Der »Glaube« in der Form, wie ihn die Kriegerreligionen des alten Islam und auch der älteren Jahvereligion kennen, trägt das Gepräge der einfachen Gefolgschaftstreue gegen den Gott oder Propheten, ganz wie sie allen Beziehungen zu anthropomorphen Göttern urwüchsig eigen ist. Für die Gefolgschaftstreue lohnt der Gott, Untreue straft er. Andere Qualitäten gewinnt diese persönliche Beziehung zu Gott erst, wo befriedete Gemeinden und speziell Anhänger aus bürgerlichen Schichten Träger einer Erlösungsreligiosität sind. Dann erst kann der Glaube als Erlösungsmittel seinen gefühlsmäßigen Charakter gewinnen und dabei die Züge der Gottes- oder Heilandsliebe annehmen, wie sie schon in der exilischen und nachexilischen Religiosität des Judentums und verstärkt im frühen Christentum, vor allem bei Jesus und Johannes, auftreten. Gott erscheint als gnädiger Dienstherr oder als Hausvater. Zwar ist es ein gröblicher Unfug, wenn man in der Vaterqualität des Gottes, den Jesus verkündet, einen Einschlag unsemitischer Religiosität hat finden wollen, weil die Götter der (meist semitischen) Wüstenvölker die Menschen »schaffen«, die hellenischen sie »zeugen«. Denn der christliche Gott hat niemals daran gedacht, Menschen zu zeugen (γεννηθέντα μὴ ποιηθέντα, gezeugt und nicht geschaffen, ist gerade das auszeichnende Prädikat des trinitarisch vergotteten Christus im Gegensatz zum Menschen), und er ist, obwohl er die Menschen mit übermenschlicher Liebe umfängt, ganz und gar kein zärtlicher moderner Papa, sondern vorwiegend ein wohlwollender, aber auch zorniger und strenger königlicher Patriarch wie schon der jüdische Gott. Aber allerdings kann nun das Stimmungsmäßige der Glaubensreligiosität durch das Gotteskindschaftsbewußtsein (statt der asketischen Gotteswerkzeugvorstellung) weiter gesteigert, die Einheit der Lebensführung dadurch noch mehr im gefühlsmäßigen Stimmungsgehalt und Gottvertrauen, statt im ethischen Bewährungsbewußtsein gesucht und so ihr praktisch rationaler Charakter noch weiter abgeschwächt werden.
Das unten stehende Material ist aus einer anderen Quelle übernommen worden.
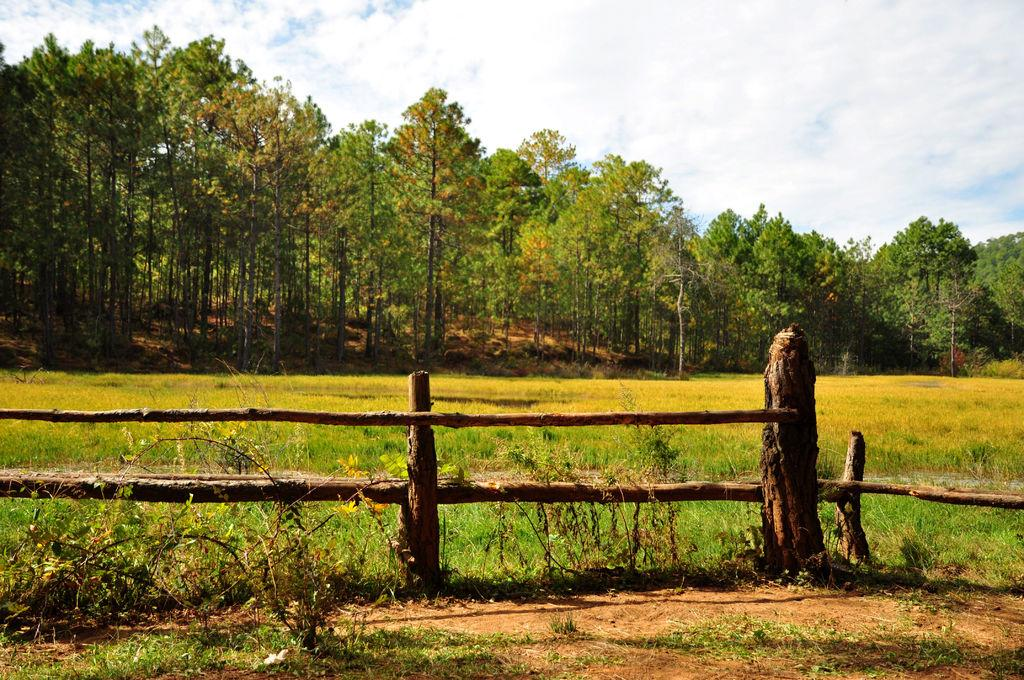What type of vegetation can be seen in the image? There is grass in the image. What else can be observed in the image besides the grass? Shadows, trees, clouds, and the sky are visible in the image. Can you describe the shadows in the image? The shadows suggest that there is a light source, such as the sun, casting shadows on the ground objects. What is the condition of the sky in the image? The sky is visible in the image, and clouds are present. What type of rice can be seen growing in the image? There is no rice present in the image; it features grass, shadows, trees, clouds, and the sky. How does the wind blow the clouds in the image? The image does not depict the wind blowing the clouds; it simply shows clouds in the sky. 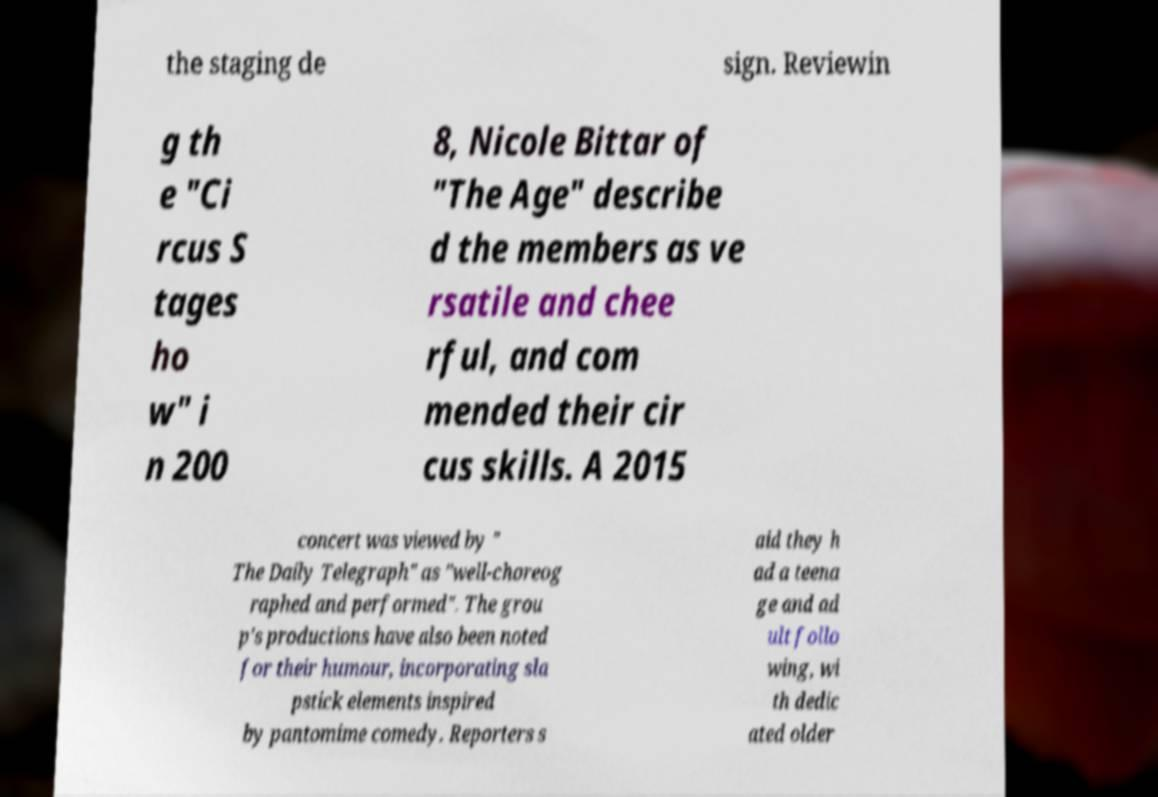What messages or text are displayed in this image? I need them in a readable, typed format. the staging de sign. Reviewin g th e "Ci rcus S tages ho w" i n 200 8, Nicole Bittar of "The Age" describe d the members as ve rsatile and chee rful, and com mended their cir cus skills. A 2015 concert was viewed by " The Daily Telegraph" as "well-choreog raphed and performed". The grou p's productions have also been noted for their humour, incorporating sla pstick elements inspired by pantomime comedy. Reporters s aid they h ad a teena ge and ad ult follo wing, wi th dedic ated older

Schon der mit der »Sprache Kanaans« seit der Renaissance des Pietismus eingerissene, winselnde Tonfall typischer lutherischer Kanzelreden in Deutschland deutet jene Gefühlsforderung an, die kraftvolle Männer so oft aus der Kirche gescheucht hat.

Vollends antirational wirkt auf die Lebensführung die Glaubensreligiosität normalerweise da, wo die Beziehung zu Gott oder Heiland den Charakter der leidenschaftlichen Devotion, der Glaube also einen latent oder offen erotischen Einschlag zeigt. So in den verschiedenen Spielarten der ṣûfîtischen Gottesliebe und der bernhardinischen Hohe-Lied-Mystik, im Marien- und Herz-Jesu-Kult und anderen hierher gehörigen Devotionsformen und auch in einzelnen gefühlsschwelgerischen Entfaltungen des spezifisch lutherischen Pietismus (Zinzendorf). Vor allem aber in der spezifisch hinduistischen, die stolze und vornehme Intellektuellenreligiosität des Buddhismus seit dem 5./6. Jahrhundert radikal verdrängenden Bhakti-(Liebes-)Frömmigkeit, der dort populären Form der Massenerlösungsreligion, insbesondere der soteriologischen Formen des Vishnuismus. Die Devotion zu dem aus dem Mahâbhârata durch Apotheose zum Heiland erhobenen Krishna, namentlich zum Krishnakinde, wird hier durch die vier Stufen der Kontemplation: Dienerschafts-, Freundschafts-, Kindes-(oder Eltern-)Liebe bis zur höchsten Stufe der ausdrücklich erotisch, nach Art der Gopîsliebe (der Liebe von Krishnas Maitressen zu ihm), gefärbten Devotion gesteigert. Diese Religiosität, welche überdies schon infolge ihrer alltagsfeindlichen[345] Form der Heilsgewinnung stets irgendwelchen Grad sakramental-priesterlicher Gnadenvermittlung durch die Gurus und Gosâins voraussetzt, ist, auf ihre praktische Wirkung hin angesehen, ein sublimierteres Seitenstück der in den untersten Schichten populären hinduistischen Saktireligiosität, einer Devotion für die Götterweiber, welche nicht selten erotischen Orgienkult einschloß, immer aber der Orgien-religiosität nahesteht. Sie steht namentlich den christlichen Formen der reinen Glaubensreligiosität: dem kontinuierlichen unerschütterlichen Zutrauen in Gottes Vorsehung, in jeder Hinsicht fern. Die erotisch gefärbte Heilandsbeziehung wird wesentlich technisch, durch Devotionsübung, erzeugt. Der christliche Vorsehungsglaube dagegen ist ein willensmäßig festzuhaltendes Charisma.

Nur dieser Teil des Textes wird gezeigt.